VPB is pulled low for any interrupt vector fetch, not just IRQ, but the present design purposefully limits Vector Pull rewriting to only those cases when IRQ is the vector being fetched.
Note that the last nybble of each of the standard interrupt vectors is unique, which aids in designing a hook for any one of them (the same is true for 6502 Emulation mode, see below). A test of these four bits suffices to uniquely identify the vector being pulled. In particular, both bytes of the two-byte IRQ vector ($FFEE and $FFEF) are the only two bytes in this table with $E or $F (0x1110, 0x1111) as the last nybble of address, i.e., A1-A3 high.
Note also the gap of 12 bytes between the IRQ vector and the RESET vector. Since each vector occupies two bytes, this gap provides sufficient space to specify six (6) additional vectors.
$00FFE4 COP
$00FFE6 BRK
$00FFE8 ABORT
$00FFEA NMI
$00FFEE IRQ 0
$00FFF0 IRQ 1
$00FFF2 IRQ 2
$00FFF4 IRQ 3
$00FFF6 IRQ 4
$00FFF8 IRQ 5
$00FFFA IRQ 6
$00FFFC RESET
If an offset 0-6 is added to A1-A3, (leaving A0 as found), then the vector fetched will be as shown above, going forward from IRQ0.
The 6502's IRQ vector, like its 65816 counterpart, has 0x111x in the last nybble, so it is detected by the Vector Pull Rewrite Shim.
$FFFA NMI
$FFFC RESB
$FFFE BRK/IRQ
Unlike the 65816's IRQ vector, the 6502 IRQ vector occurs at the very top of its page, so additions of 1-7 to the bits may force A4 to overflow to 0 (no carry). In particular, $FFFE + $02 = $FFE0, etc. This means the augmented IRQ vector map for the 6502 looks like this:
$FFE0 BRK/IRQ 1
$FFE2 BRK/IRQ 2
$FFE4 BRK/IRQ 3
$FFE6 BRK/IRQ 4
$FFE8 BRK/IRQ 5
$FFEA BRK/IRQ 6
$FFEC BRK/IRQ 7
...
$FFFA NMI
$FFFC RESB
$FFFE BRK/IRQ 0
Devices mapped within the physical address space of either DMA channel may raise interrupt requests against either CPU. For each CPU, an 8-to-3 priority encoders is used to prioritize eight different levels of IRQ, from 0-7, with lower values meaning higher priority.

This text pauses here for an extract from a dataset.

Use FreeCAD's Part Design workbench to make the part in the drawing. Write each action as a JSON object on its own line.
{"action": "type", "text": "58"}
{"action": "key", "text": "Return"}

The priority is encoded as a three bit offset and offered to the Vector Pull Rewrite shim, on pins Y0-Y2, where it is used to offset the fetch addresses of the CPU's next two-byte IRQ vector pull.
IRQs received from DMA channel 0 and intended for CPU A or CPU B will be routed to those CPUs.

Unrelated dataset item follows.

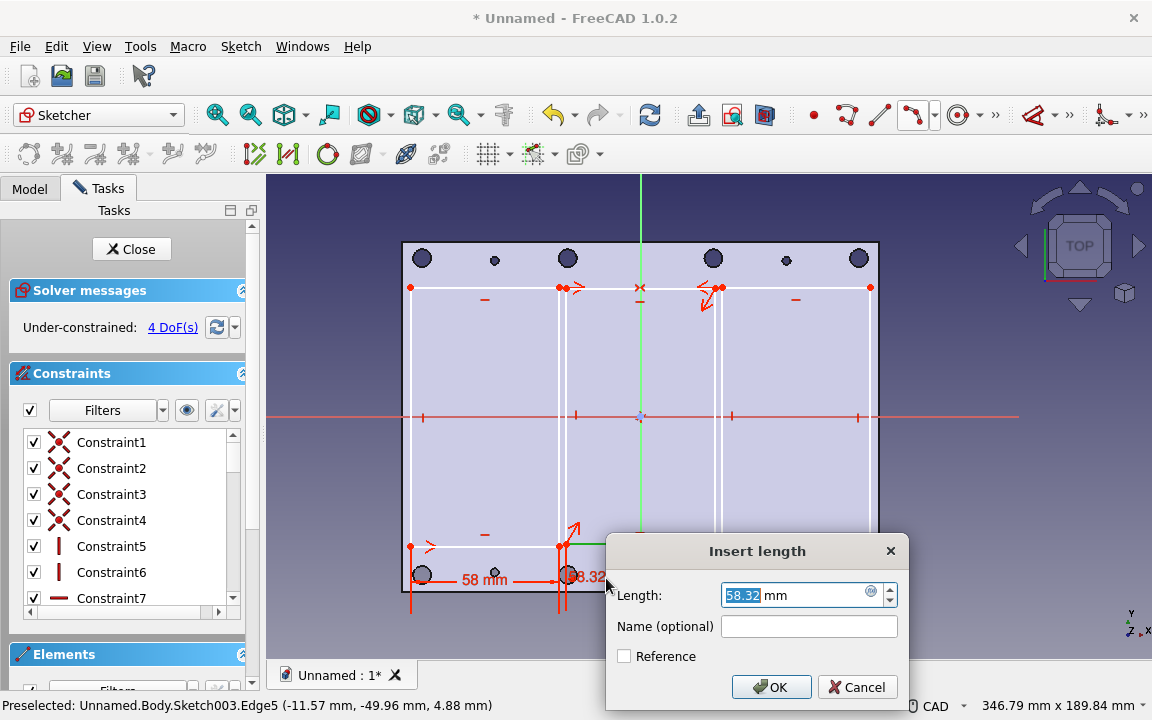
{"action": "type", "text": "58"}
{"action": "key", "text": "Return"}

For IRQs received from DMA channel 1, the situation is reversed: IRQs which DMA channel 1 intended for CPU A will be routed to CPU B, and vice versa. This crossover in routing means that the CPU target values in the system's PIC controllers always refer to the same physical CPU. I.e., CPU A is always target 0, and CPU B is always target 1, no matter on which DMA channel a PIC is installed. The crossover is reflected in the connector placement on the IRQ Dispatcher: no crossover cable is needed.
The combined IRQ signals are diode-NANDed together to drive IRQ on the CPU through the Vector Pull Rewrite shim. IRQ priorities 0-6 are NANDed together first, with priority 7 NANDed to the result unless jumper IRQA7 or IRQB7 are set to direct priority 7 to NMI to CPU A or CPU B.
Rerouting IRQ Priority 7 to NMI is offered elsewhere in the design, as a jumper on the Quad 64B IO Bus, for cases where no IRQ Dispatcher and/or Vector Pull Rewrite shim is installed. See the documentation on the Quad 64B IO Bus.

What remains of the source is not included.